→ **What is needed**:
Repeat the data below exactly, with every entry included.

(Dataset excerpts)
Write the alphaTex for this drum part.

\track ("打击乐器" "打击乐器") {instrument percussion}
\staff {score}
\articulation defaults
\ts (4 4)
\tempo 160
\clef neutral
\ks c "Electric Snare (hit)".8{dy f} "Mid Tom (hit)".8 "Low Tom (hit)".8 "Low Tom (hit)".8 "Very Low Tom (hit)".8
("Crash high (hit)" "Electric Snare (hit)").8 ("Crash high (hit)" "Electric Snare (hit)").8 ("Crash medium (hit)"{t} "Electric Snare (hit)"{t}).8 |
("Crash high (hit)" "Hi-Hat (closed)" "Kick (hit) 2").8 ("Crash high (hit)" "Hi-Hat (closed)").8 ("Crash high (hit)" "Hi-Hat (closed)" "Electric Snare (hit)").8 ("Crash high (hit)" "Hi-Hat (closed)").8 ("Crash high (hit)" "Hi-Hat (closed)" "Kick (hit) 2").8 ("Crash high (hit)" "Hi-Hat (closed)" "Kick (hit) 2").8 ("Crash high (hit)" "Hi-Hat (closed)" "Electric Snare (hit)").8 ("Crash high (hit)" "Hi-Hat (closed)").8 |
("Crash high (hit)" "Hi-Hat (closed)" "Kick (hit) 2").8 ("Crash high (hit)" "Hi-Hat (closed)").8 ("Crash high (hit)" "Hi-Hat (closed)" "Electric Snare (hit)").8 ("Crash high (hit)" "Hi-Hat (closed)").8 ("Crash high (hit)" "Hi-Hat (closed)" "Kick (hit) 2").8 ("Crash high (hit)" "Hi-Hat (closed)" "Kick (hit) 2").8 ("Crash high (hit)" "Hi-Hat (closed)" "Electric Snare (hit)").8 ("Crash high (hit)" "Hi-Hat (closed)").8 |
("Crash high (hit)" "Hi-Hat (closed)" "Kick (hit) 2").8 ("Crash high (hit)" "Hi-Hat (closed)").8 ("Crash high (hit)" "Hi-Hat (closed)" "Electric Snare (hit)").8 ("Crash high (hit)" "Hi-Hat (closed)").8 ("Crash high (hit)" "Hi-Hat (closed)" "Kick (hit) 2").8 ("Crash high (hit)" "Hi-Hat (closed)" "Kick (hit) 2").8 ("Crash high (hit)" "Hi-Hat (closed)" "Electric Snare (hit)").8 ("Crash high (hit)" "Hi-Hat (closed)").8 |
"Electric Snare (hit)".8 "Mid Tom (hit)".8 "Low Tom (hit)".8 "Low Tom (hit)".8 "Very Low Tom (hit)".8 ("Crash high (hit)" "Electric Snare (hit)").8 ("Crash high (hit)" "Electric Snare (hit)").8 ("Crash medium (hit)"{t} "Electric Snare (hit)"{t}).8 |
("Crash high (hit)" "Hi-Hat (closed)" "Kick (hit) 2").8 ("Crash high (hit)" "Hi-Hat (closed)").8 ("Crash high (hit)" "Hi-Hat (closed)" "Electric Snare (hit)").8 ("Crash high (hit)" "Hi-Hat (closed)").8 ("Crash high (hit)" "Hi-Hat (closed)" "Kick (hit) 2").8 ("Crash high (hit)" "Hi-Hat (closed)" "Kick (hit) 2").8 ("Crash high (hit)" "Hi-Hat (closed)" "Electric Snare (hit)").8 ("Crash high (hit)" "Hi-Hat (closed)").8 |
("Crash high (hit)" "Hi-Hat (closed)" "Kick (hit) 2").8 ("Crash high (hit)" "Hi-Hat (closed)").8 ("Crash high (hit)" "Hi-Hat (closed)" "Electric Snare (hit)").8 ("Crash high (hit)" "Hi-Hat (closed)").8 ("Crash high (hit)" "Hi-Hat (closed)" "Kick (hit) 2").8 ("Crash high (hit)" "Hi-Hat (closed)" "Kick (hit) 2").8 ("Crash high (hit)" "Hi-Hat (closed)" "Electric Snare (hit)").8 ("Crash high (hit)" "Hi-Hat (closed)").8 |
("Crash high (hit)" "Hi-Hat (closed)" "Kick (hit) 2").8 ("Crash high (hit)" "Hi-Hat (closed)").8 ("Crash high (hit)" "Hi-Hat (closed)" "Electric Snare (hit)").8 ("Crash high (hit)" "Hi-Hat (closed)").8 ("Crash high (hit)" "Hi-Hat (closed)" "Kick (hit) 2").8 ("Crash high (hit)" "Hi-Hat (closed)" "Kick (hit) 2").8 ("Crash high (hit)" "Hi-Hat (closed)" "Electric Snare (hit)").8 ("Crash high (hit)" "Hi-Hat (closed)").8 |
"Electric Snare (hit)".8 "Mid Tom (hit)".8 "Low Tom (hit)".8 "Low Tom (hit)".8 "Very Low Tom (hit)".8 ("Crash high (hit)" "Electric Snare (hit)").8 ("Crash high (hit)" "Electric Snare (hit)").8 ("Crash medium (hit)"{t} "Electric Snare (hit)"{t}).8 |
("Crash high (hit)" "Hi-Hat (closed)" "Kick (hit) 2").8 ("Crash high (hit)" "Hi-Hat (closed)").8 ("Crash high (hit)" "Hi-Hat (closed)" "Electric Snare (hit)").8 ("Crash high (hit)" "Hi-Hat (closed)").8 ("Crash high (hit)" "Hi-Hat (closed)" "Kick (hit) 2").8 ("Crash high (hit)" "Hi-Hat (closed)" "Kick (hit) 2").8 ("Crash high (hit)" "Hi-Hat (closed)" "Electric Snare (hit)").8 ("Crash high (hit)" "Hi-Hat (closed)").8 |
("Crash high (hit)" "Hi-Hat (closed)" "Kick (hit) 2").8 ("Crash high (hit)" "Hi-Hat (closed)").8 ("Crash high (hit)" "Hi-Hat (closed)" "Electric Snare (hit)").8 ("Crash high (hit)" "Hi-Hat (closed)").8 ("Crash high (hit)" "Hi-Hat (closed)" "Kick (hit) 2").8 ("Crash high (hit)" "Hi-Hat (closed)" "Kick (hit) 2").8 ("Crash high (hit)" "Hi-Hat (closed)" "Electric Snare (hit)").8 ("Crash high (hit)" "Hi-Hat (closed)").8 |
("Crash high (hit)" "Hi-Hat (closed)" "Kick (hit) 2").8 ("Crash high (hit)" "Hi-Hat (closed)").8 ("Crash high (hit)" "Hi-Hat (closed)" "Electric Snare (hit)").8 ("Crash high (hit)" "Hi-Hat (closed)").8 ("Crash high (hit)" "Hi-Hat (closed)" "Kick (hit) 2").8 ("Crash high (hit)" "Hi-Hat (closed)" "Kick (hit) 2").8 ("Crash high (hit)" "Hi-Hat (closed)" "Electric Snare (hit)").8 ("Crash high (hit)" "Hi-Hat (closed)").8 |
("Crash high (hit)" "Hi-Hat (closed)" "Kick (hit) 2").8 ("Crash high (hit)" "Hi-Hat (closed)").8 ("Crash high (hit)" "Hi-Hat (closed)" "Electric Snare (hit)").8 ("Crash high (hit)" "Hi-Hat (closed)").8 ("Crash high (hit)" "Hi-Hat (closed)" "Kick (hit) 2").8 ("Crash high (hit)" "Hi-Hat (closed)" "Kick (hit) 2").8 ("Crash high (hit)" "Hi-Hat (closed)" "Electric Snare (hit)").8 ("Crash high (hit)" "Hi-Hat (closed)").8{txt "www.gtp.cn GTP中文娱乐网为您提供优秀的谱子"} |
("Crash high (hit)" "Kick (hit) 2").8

→ **Task result**:
Write the alphaTex for this drum part.

\track ("打击乐器" "打击乐器") {instrument percussion}
\staff {score}
\articulation defaults
\ts (4 4)
\tempo 160
\clef neutral
\ks c "Electric Snare (hit)".8{dy f} "Mid Tom (hit)".8 "Low Tom (hit)".8 "Low Tom (hit)".8 "Very Low Tom (hit)".8
("Crash high (hit)" "Electric Snare (hit)").8 ("Crash high (hit)" "Electric Snare (hit)").8 ("Crash medium (hit)"{t} "Electric Snare (hit)"{t}).8 |
("Crash high (hit)" "Hi-Hat (closed)" "Kick (hit) 2").8 ("Crash high (hit)" "Hi-Hat (closed)").8 ("Crash high (hit)" "Hi-Hat (closed)" "Electric Snare (hit)").8 ("Crash high (hit)" "Hi-Hat (closed)").8 ("Crash high (hit)" "Hi-Hat (closed)" "Kick (hit) 2").8 ("Crash high (hit)" "Hi-Hat (closed)" "Kick (hit) 2").8 ("Crash high (hit)" "Hi-Hat (closed)" "Electric Snare (hit)").8 ("Crash high (hit)" "Hi-Hat (closed)").8 |
("Crash high (hit)" "Hi-Hat (closed)" "Kick (hit) 2").8 ("Crash high (hit)" "Hi-Hat (closed)").8 ("Crash high (hit)" "Hi-Hat (closed)" "Electric Snare (hit)").8 ("Crash high (hit)" "Hi-Hat (closed)").8 ("Crash high (hit)" "Hi-Hat (closed)" "Kick (hit) 2").8 ("Crash high (hit)" "Hi-Hat (closed)" "Kick (hit) 2").8 ("Crash high (hit)" "Hi-Hat (closed)" "Electric Snare (hit)").8 ("Crash high (hit)" "Hi-Hat (closed)").8 |
("Crash high (hit)" "Hi-Hat (closed)" "Kick (hit) 2").8 ("Crash high (hit)" "Hi-Hat (closed)").8 ("Crash high (hit)" "Hi-Hat (closed)" "Electric Snare (hit)").8 ("Crash high (hit)" "Hi-Hat (closed)").8 ("Crash high (hit)" "Hi-Hat (closed)" "Kick (hit) 2").8 ("Crash high (hit)" "Hi-Hat (closed)" "Kick (hit) 2").8 ("Crash high (hit)" "Hi-Hat (closed)" "Electric Snare (hit)").8 ("Crash high (hit)" "Hi-Hat (closed)").8 |
"Electric Snare (hit)".8 "Mid Tom (hit)".8 "Low Tom (hit)".8 "Low Tom (hit)".8 "Very Low Tom (hit)".8 ("Crash high (hit)" "Electric Snare (hit)").8 ("Crash high (hit)" "Electric Snare (hit)").8 ("Crash medium (hit)"{t} "Electric Snare (hit)"{t}).8 |
("Crash high (hit)" "Hi-Hat (closed)" "Kick (hit) 2").8 ("Crash high (hit)" "Hi-Hat (closed)").8 ("Crash high (hit)" "Hi-Hat (closed)" "Electric Snare (hit)").8 ("Crash high (hit)" "Hi-Hat (closed)").8 ("Crash high (hit)" "Hi-Hat (closed)" "Kick (hit) 2").8 ("Crash high (hit)" "Hi-Hat (closed)" "Kick (hit) 2").8 ("Crash high (hit)" "Hi-Hat (closed)" "Electric Snare (hit)").8 ("Crash high (hit)" "Hi-Hat (closed)").8 |
("Crash high (hit)" "Hi-Hat (closed)" "Kick (hit) 2").8 ("Crash high (hit)" "Hi-Hat (closed)").8 ("Crash high (hit)" "Hi-Hat (closed)" "Electric Snare (hit)").8 ("Crash high (hit)" "Hi-Hat (closed)").8 ("Crash high (hit)" "Hi-Hat (closed)" "Kick (hit) 2").8 ("Crash high (hit)" "Hi-Hat (closed)" "Kick (hit) 2").8 ("Crash high (hit)" "Hi-Hat (closed)" "Electric Snare (hit)").8 ("Crash high (hit)" "Hi-Hat (closed)").8 |
("Crash high (hit)" "Hi-Hat (closed)" "Kick (hit) 2").8 ("Crash high (hit)" "Hi-Hat (closed)").8 ("Crash high (hit)" "Hi-Hat (closed)" "Electric Snare (hit)").8 ("Crash high (hit)" "Hi-Hat (closed)").8 ("Crash high (hit)" "Hi-Hat (closed)" "Kick (hit) 2").8 ("Crash high (hit)" "Hi-Hat (closed)" "Kick (hit) 2").8 ("Crash high (hit)" "Hi-Hat (closed)" "Electric Snare (hit)").8 ("Crash high (hit)" "Hi-Hat (closed)").8 |
"Electric Snare (hit)".8 "Mid Tom (hit)".8 "Low Tom (hit)".8 "Low Tom (hit)".8 "Very Low Tom (hit)".8 ("Crash high (hit)" "Electric Snare (hit)").8 ("Crash high (hit)" "Electric Snare (hit)").8 ("Crash medium (hit)"{t} "Electric Snare (hit)"{t}).8 |
("Crash high (hit)" "Hi-Hat (closed)" "Kick (hit) 2").8 ("Crash high (hit)" "Hi-Hat (closed)").8 ("Crash high (hit)" "Hi-Hat (closed)" "Electric Snare (hit)").8 ("Crash high (hit)" "Hi-Hat (closed)").8 ("Crash high (hit)" "Hi-Hat (closed)" "Kick (hit) 2").8 ("Crash high (hit)" "Hi-Hat (closed)" "Kick (hit) 2").8 ("Crash high (hit)" "Hi-Hat (closed)" "Electric Snare (hit)").8 ("Crash high (hit)" "Hi-Hat (closed)").8 |
("Crash high (hit)" "Hi-Hat (closed)" "Kick (hit) 2").8 ("Crash high (hit)" "Hi-Hat (closed)").8 ("Crash high (hit)" "Hi-Hat (closed)" "Electric Snare (hit)").8 ("Crash high (hit)" "Hi-Hat (closed)").8 ("Crash high (hit)" "Hi-Hat (closed)" "Kick (hit) 2").8 ("Crash high (hit)" "Hi-Hat (closed)" "Kick (hit) 2").8 ("Crash high (hit)" "Hi-Hat (closed)" "Electric Snare (hit)").8 ("Crash high (hit)" "Hi-Hat (closed)").8 |
("Crash high (hit)" "Hi-Hat (closed)" "Kick (hit) 2").8 ("Crash high (hit)" "Hi-Hat (closed)").8 ("Crash high (hit)" "Hi-Hat (closed)" "Electric Snare (hit)").8 ("Crash high (hit)" "Hi-Hat (closed)").8 ("Crash high (hit)" "Hi-Hat (closed)" "Kick (hit) 2").8 ("Crash high (hit)" "Hi-Hat (closed)" "Kick (hit) 2").8 ("Crash high (hit)" "Hi-Hat (closed)" "Electric Snare (hit)").8 ("Crash high (hit)" "Hi-Hat (closed)").8 |
("Crash high (hit)" "Hi-Hat (closed)" "Kick (hit) 2").8 ("Crash high (hit)" "Hi-Hat (closed)").8 ("Crash high (hit)" "Hi-Hat (closed)" "Electric Snare (hit)").8 ("Crash high (hit)" "Hi-Hat (closed)").8 ("Crash high (hit)" "Hi-Hat (closed)" "Kick (hit) 2").8 ("Crash high (hit)" "Hi-Hat (closed)" "Kick (hit) 2").8 ("Crash high (hit)" "Hi-Hat (closed)" "Electric Snare (hit)").8 ("Crash high (hit)" "Hi-Hat (closed)").8{txt "www.gtp.cn GTP中文娱乐网为您提供优秀的谱子"} |
("Crash high (hit)" "Kick (hit) 2").8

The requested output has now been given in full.